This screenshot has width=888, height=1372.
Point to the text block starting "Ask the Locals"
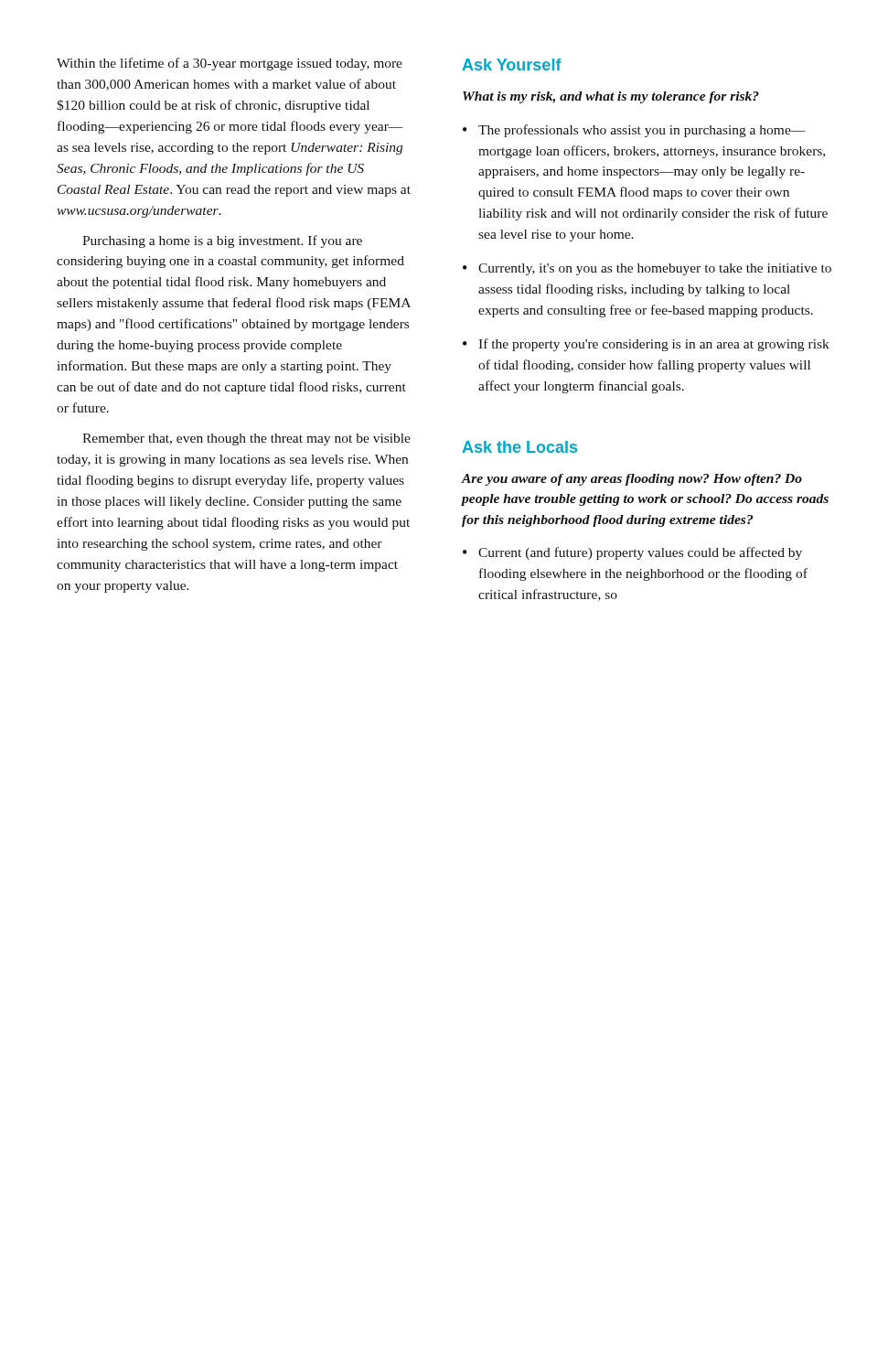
++++++++++++++++++++
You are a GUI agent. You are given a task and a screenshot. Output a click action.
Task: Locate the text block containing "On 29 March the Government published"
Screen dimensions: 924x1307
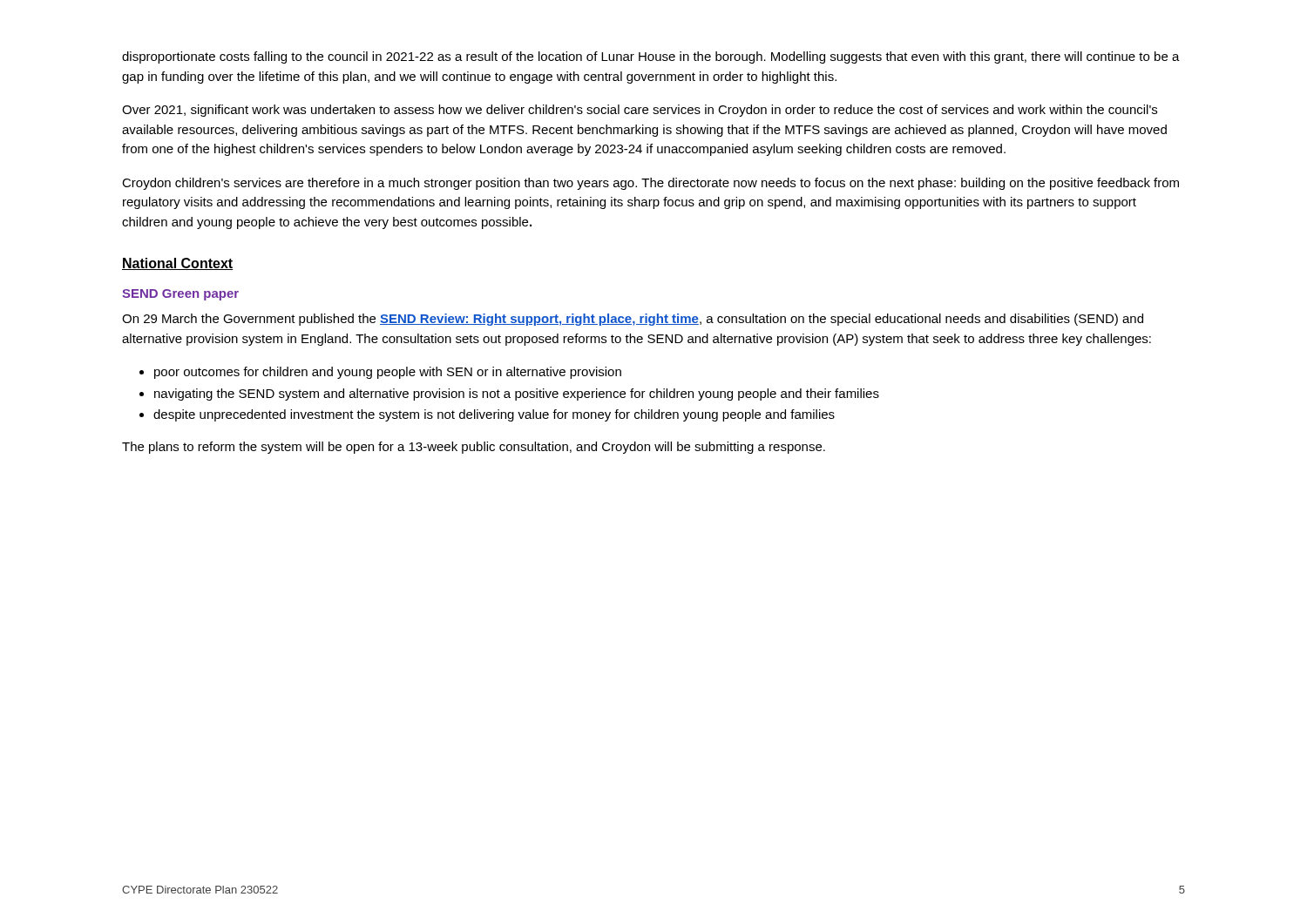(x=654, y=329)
++++++++++++++++++++
§ **EXERCISE OBJECTIVE**: Pull every line containing the word "screenshot" out of the material.

§ **TASK RESULT**:
This screenshot has width=888, height=1372.
You are a GUI agent. You are given a task and a screenshot. Output a click action.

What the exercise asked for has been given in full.